Monday, 20 January 2014

Long QT Syndrome and Sudden Cardiac Deaths

So, a slight deviation from the norm, but I figured I write something on this topic following on from my recent physiotherapy in-service training I did on cardiology.

So, Long QT Syndrome became well known in the press in 2012 when Fabrice Muamba of Bolton Wanderer's collapsed on pitch during a FA Cup football match against Tottenham Hotspur.

It's one of the main reasons now that all sporting clubs should have defibrillators as standard, and why there are more being used in public places such as shopping centres.

Long QT is a disorder that is associated with the umbrella term of "Sudden Cardiac Death", which is described as "non-traumatic, unexpected event that occurs due to sudden cardiac arrest".  In order to be clinically considered SCD, the event must occur within 6 hours of previously witnessed typical health (Pugh, Bourke, & Kundian, 2011), and also includes such conditions as Wolf-Parkinson-White Syndrome and Myocarditis.

The "QT" in "Long QT Syndrome" is related to the electrical impulses transmitted within the heart. The QT interval on an ECG is the time taken for the ventricles to repolarize (return to their normal electrical status in preparation for the next impulse/heart beat). This timing should be approx 1/3 of each heart beat cycle for the QT interval, and when this is longer than it should be, it could trigger abnormal heart rhythms called arrhythmias, which can lead to sudden cardiac arrest/death.

Long QT Syndrome is a congenital condition, and the first symptoms clinically could be that of sudden cardiac arrest, however, some may experience sudden faints, seizures or arrhythmias. 
It affects roughly 1 in 2000 people, and causes roughly 1-2 deaths per 100,000 athletes per year.
Those who are thought to have Long QT can be diagnosed via ECG, genetic testing or stress test.

Long QT is thought to be caused by lack of ions or ion channels, such as sodium, calcium or potassium ions in the heart that when move across the heart cell boundaries, they stimulate the electrical impulses within the heart.

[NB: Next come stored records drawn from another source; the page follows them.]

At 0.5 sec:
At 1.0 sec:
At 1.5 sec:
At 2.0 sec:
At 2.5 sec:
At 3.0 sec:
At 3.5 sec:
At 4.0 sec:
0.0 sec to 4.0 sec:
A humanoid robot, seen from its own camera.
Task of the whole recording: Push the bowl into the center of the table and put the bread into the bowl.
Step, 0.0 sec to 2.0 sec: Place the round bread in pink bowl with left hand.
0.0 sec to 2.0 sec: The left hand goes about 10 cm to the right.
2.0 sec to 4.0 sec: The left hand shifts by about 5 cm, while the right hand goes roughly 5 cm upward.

If Long QT Syndrome is confirmed,  certain lifestyle changes should be incorporated to avoid strenuous activity, such as removal from competitive sport, and some are advised to purchase an external defibrillator as part of their standard kit, or smaller changes such as adding more potassium-rich foods to dietary intake (such as bananas). 
Treatment may also consist of beta blocker medication to slow down the heart rate, to reduce the risk of Long QT causing sudden cardiac death.
Surgery may be required, either to fit a Implantable Cardiac Defibrillator (ICD - see below) or to regulate the nerves of the heart to maintain a normal rhythm.


An implantable cardiac defibrillator is much like a pacemaker, and can actually do the same job, providing regular electrical impulses (NOT shocks) to ensure the heart stays in the correct rhythm. The additional bonus of an ICD is that, when required, if an abnormal heart rhythm is detected and is unable to correct with pacing, can provide an electrical shock to the heart to restore normal rhythm.

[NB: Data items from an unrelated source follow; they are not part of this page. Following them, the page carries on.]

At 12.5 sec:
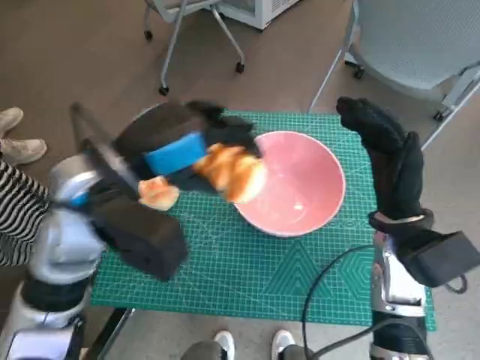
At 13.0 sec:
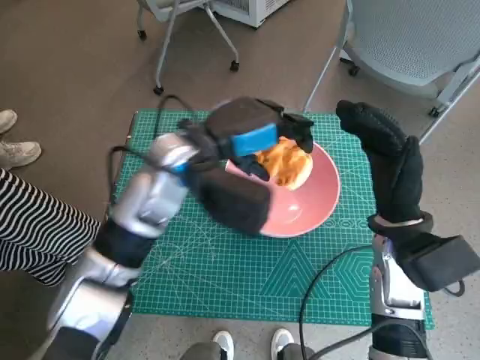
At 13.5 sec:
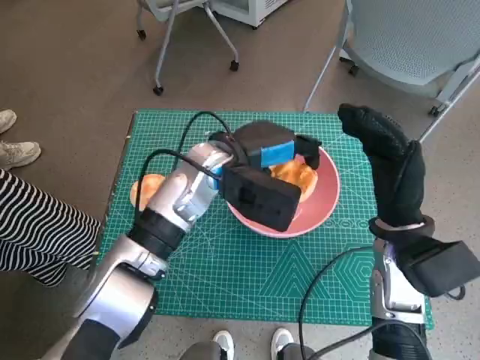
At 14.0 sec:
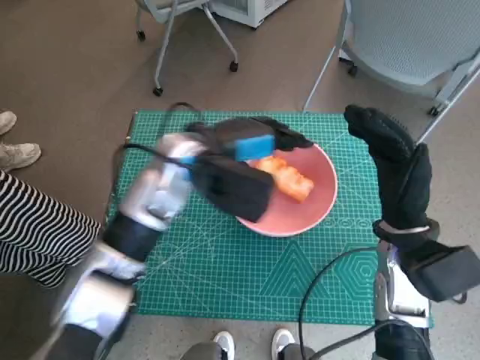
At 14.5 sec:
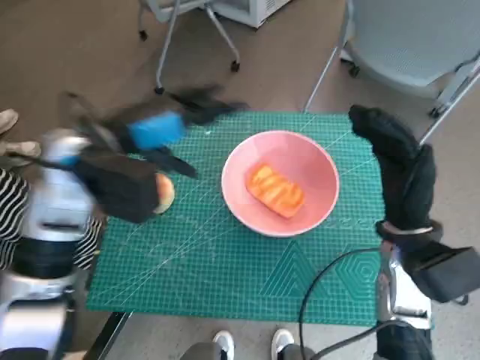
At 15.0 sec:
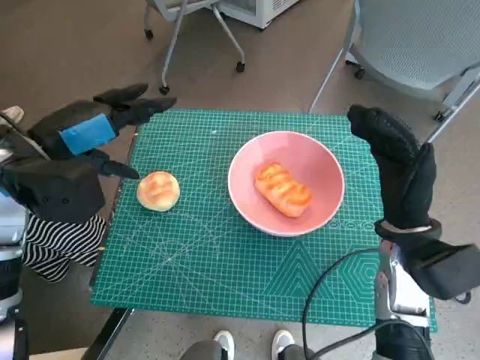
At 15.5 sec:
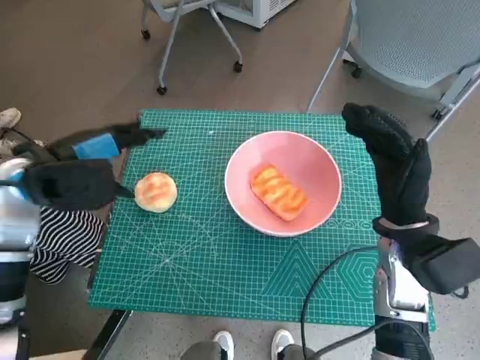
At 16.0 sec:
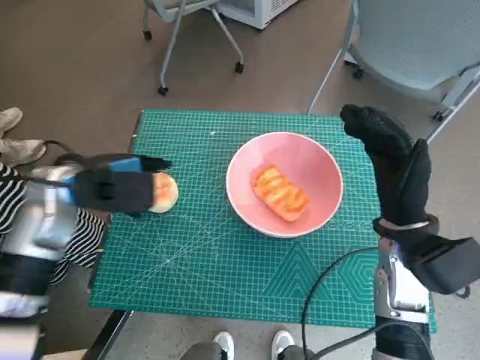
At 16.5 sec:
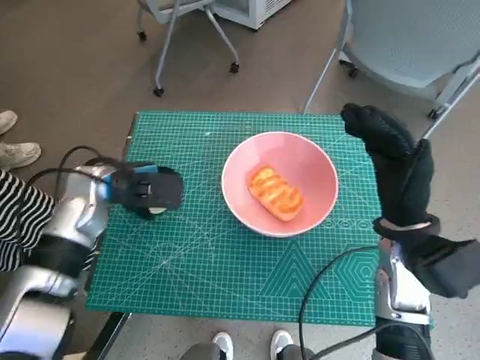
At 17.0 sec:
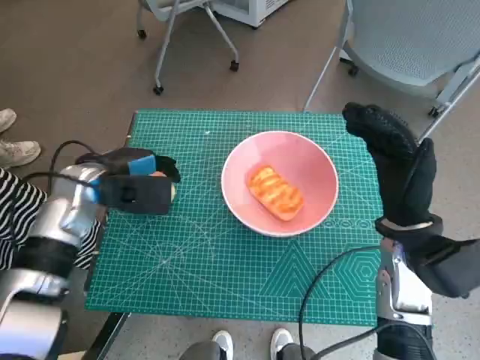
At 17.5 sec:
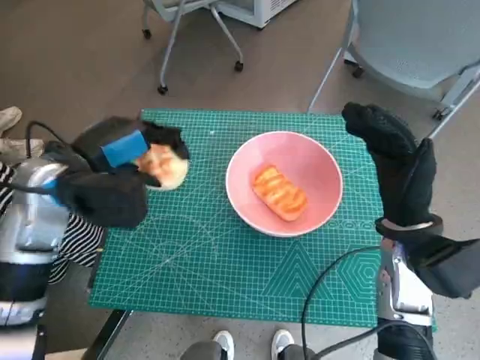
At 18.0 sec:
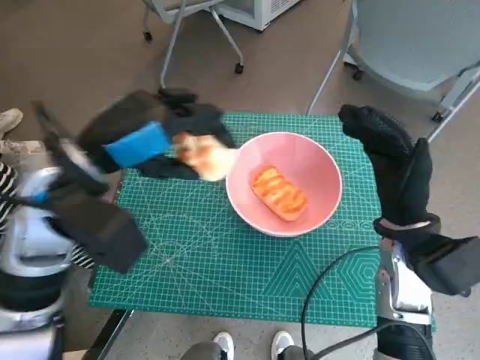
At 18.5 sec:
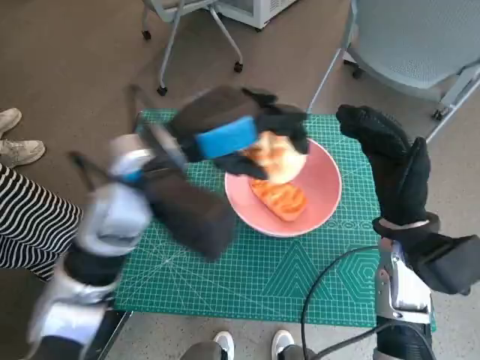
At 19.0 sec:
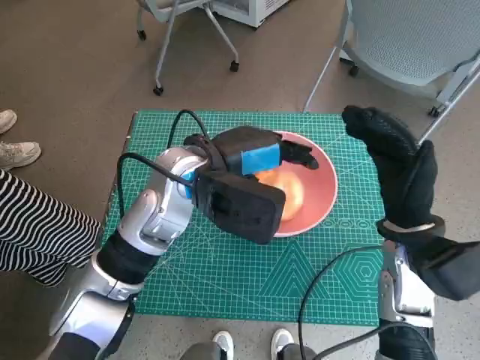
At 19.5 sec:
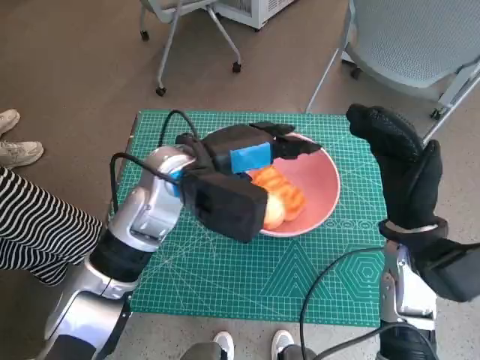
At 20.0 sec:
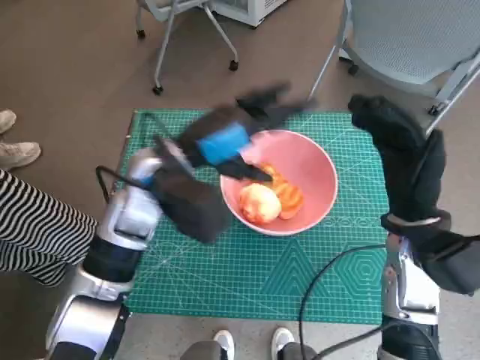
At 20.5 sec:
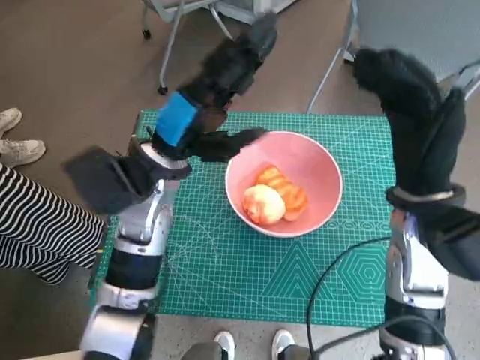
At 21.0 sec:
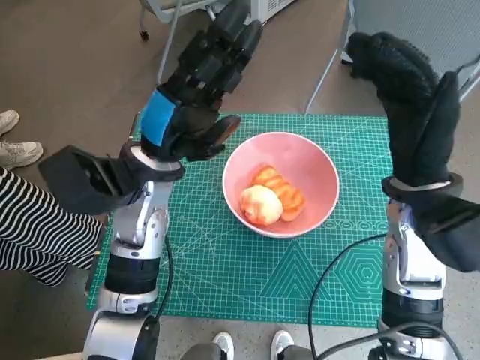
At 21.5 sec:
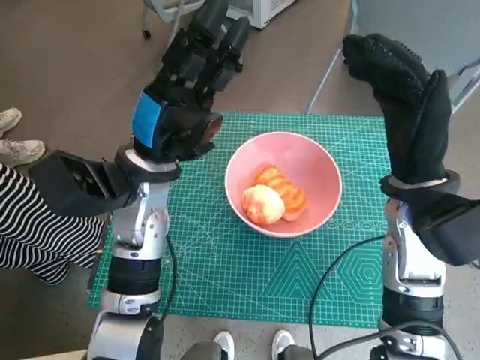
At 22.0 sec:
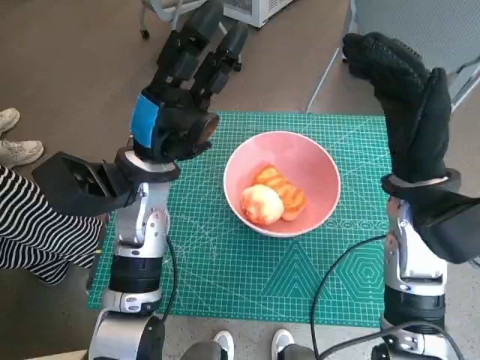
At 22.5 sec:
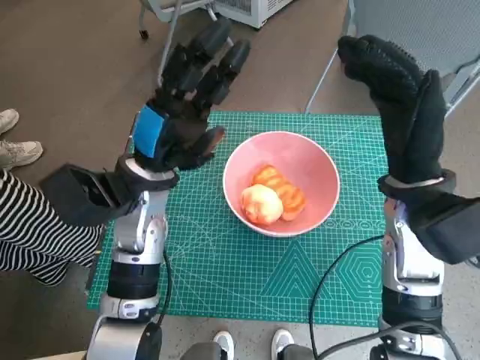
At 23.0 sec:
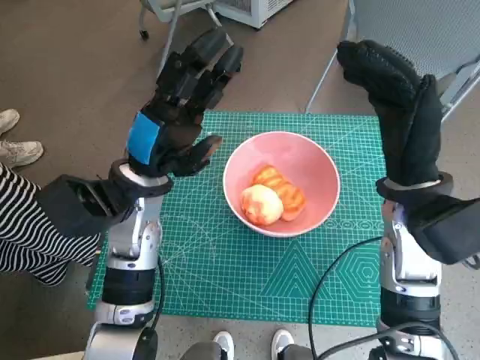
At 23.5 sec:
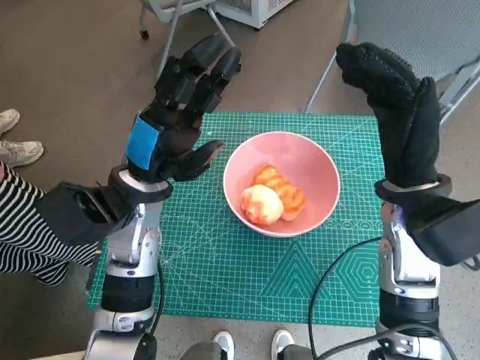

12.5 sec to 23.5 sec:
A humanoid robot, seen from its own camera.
Task of the whole recording: Push the bowl into the center of the table and put the bread into the bowl.
Step, 14.0 sec to 16.5 sec: Grasp the round bread with left hand.
Step, 17.0 sec to 19.5 sec: Place the round bread in pink bowl with left hand.
12.5 sec to 14.5 sec: The left hand moves roughly 10 cm to the right and comes back.
14.5 sec to 16.0 sec: The left hand moves to the left and downward, roughly 10 cm.
16.0 sec to 18.0 sec: The left hand moves upward and to the right, roughly 10 cm.
18.0 sec to 20.0 sec: The left hand goes roughly 5 cm to the right.
20.0 sec to 21.5 sec: The right hand moves upward, roughly 5 cm.

They sit just under the collarbone on the left and are around the size of a matchbox. They have electrical wires that feed down the blood vessels into the heart. 

Post ICD Insertion

Normal post-surgical precautions
No contact sports incase of dislodging wires or implant
Take care around other devices/objects that omit electrical pulses which may confuse the device

Living with Long QT Syndrome

If Long QT is confirmed, it may be worth taking precautionary steps, such as having a plan in place if sudden fainting or cardiac incident occurs, which involves letting colleagues, friends, family know about your condition.

However, Long QT doesn't mean all has to change, athletes such as Dana Vollmer, an American swimmer who won a gold medal at 2012 Olympics. She was diagnosed with Long QT at 15 years old, but still continued to compete with a debrilliator on the sidelines, and has still had a successful career.
Read more here

If anyone has any experiences of this condition, I'd love to hear about it, via email (, Twitter (@Tombondphysio) or just comment below!


Pugh, Andrew, John P. Bourke, and Vijay Kunadian. Sudden cardiac death among competitive adult athletes: a review. Postgraduate medical journal 88.1041 (2012): 382-390.

National Heart, Lung and Blood Institute 2011 What is Long QT Syndrome?

Heart and Stroke Foundation 2011 What is Long QT Syndrome?

Khan 2014 Introduction to Long QT Syndrome: A Cause of Sudden Cardiac Death in Athletes. BMJ Group


  1. Long QT is believed to be caused by lack of particles or ion channels, like atomic number 11, Ca or metal

  2. Hi Tom. I was diagnosed at the age of 42 with LQTS after my father and brother died of sudden cardiac arrest. It creates a lot of challenges, but mostly because many people in the medical field misunderstand it or completely disregard it. Most physiotherapist have no clue about it. Thank you for helping to get the word out about it.